The thing with all these bars is that they should not be opt-out. They should be opt-in. For the user. Maybe even for the target site maintainer. (I currently have a script that automatically kills the Diggbar for people visiting my blog, and may soon install a more universal one for any incoming link that shows my site to people in a frame.)
It’s fine that ow.ly gives users a one-time opt-out, as far as it goes. But that’s like each individual junk mail sender saying I can opt out of their junk mail — it puts a big load on me to get rid of something I never wanted or asked for.
Plus it’s not really one-time. It’s once per user, per browser, per computer, as long as you maintain your cookies. If I’m on another computer in my house, or a public machine, or I use another browser or another user account, or a mobile device, or clear my cookies, or reinstall stuff, I have to opt out again, for that one service. And again for other services, playing whack-a-mole whenever I encounter such a bar.

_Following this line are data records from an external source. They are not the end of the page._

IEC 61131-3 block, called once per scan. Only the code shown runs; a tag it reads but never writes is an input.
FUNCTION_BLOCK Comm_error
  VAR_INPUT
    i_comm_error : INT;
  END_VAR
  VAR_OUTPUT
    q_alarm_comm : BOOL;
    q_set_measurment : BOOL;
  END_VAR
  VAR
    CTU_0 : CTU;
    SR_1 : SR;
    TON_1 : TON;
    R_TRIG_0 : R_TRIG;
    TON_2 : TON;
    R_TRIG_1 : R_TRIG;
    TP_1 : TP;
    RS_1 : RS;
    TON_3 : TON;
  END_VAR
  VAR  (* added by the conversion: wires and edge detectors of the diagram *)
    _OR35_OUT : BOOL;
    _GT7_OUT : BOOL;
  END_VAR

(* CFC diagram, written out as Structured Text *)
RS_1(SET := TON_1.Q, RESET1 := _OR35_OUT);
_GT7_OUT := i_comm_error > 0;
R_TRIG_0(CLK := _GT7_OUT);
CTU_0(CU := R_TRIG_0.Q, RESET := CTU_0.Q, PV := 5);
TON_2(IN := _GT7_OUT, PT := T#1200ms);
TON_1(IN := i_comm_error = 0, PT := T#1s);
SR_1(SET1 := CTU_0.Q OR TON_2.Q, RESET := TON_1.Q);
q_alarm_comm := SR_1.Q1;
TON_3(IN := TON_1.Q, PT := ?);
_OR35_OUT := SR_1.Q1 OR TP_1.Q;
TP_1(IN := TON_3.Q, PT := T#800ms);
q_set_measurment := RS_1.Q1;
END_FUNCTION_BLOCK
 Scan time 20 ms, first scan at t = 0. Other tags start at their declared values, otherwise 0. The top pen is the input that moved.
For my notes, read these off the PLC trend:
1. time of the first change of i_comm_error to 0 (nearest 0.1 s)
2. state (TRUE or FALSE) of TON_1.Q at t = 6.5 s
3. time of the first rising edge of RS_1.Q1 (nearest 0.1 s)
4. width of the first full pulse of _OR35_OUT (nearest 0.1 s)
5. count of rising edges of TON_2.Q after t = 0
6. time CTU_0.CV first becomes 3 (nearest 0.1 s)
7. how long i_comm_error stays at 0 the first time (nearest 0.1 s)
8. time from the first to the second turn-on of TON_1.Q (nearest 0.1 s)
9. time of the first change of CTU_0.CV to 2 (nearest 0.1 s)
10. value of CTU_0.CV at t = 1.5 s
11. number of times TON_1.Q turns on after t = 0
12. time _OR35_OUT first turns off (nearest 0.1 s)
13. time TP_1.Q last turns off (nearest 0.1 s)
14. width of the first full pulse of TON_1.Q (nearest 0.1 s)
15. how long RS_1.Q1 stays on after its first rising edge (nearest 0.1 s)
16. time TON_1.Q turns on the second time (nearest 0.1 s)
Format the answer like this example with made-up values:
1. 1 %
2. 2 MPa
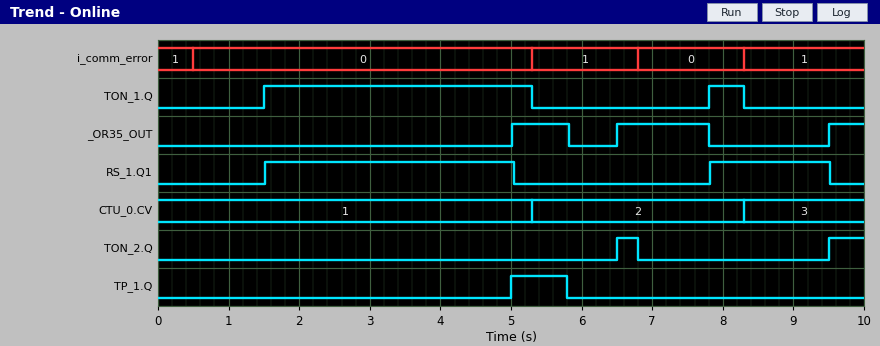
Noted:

And I do: my first task when I encounter a framed toolbar from any link is to kill the bar, before I look at the content of the page, because (a) I have yet to find a toolbar that gives me any features I want, and (b) too often I’ve had the bars screw up navigation, so if I click links within the framed page, then kill the bar, I go back to some previous page rather than the one I want. Oh, and I can’t see the real URL I want to copy to make a link.
Less obsessed users than me might not care, or notice, but I notice for them, because then they send me links that don’t go to the original site, but to a linkbarred version.

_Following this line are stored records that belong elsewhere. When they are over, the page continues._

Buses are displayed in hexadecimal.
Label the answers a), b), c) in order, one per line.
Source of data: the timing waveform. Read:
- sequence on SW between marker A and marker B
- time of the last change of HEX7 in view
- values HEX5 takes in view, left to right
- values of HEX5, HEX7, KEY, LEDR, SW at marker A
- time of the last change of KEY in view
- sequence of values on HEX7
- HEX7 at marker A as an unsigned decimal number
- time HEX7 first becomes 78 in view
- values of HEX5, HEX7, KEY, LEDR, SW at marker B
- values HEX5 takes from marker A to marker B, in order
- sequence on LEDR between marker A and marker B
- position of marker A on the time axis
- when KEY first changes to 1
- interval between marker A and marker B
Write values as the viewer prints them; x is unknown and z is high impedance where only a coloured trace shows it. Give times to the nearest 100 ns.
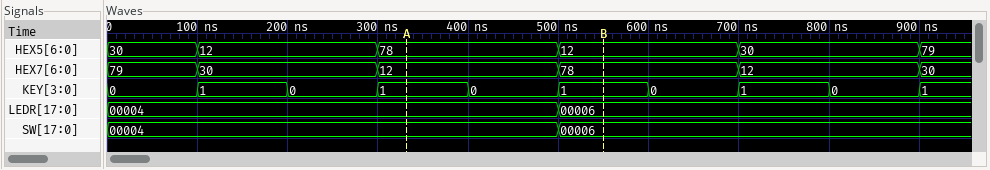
a) 00004, 00006
b) 900 ns
c) 30, 12, 78, 12, 30, 79
d) HEX5=78, HEX7=12, KEY=1, LEDR=00004, SW=00004
e) 900 ns
f) 79, 30, 12, 78, 12, 30
g) 18
h) 500 ns
i) HEX5=12, HEX7=78, KEY=1, LEDR=00006, SW=00006
j) 78, 12
k) 00004, 00006
l) 300 ns
m) 100 ns
n) 200 ns

So the only thing these toolbars have done for me, since About.com and others introduced them years ago, is piss me off. And they’re doing that more and more. For me, they offer a guise of being helpful while really being corrosive to the Web’s usability, to benefit the bar-generating company or organization instead of me. They are, to my mind, a step back, and a trend that deserves to go away.
I’ll do my best to hasten that process.
This is the same issue that arose about 14 years ago when Netscape introduced frames. Jakob Nielsen names it the #1 problem in “Top Ten Web Design Mistakes of 1996”: http://www.useit.com/alertbox/9605a.html
Now the web is being built by these young punks who were in kindergarten in 1996 and wouldn’t know Jakob Nielsen from any other Dane with long sideburns. We, the thirtysomethings, the elder statemen of the web, must remind our young brethren of the historical lessons learned.
The solution is simple. Bring back .
🙂
(that was supposed to be the “marquee” tag)
You so old, your tag has been deprecated.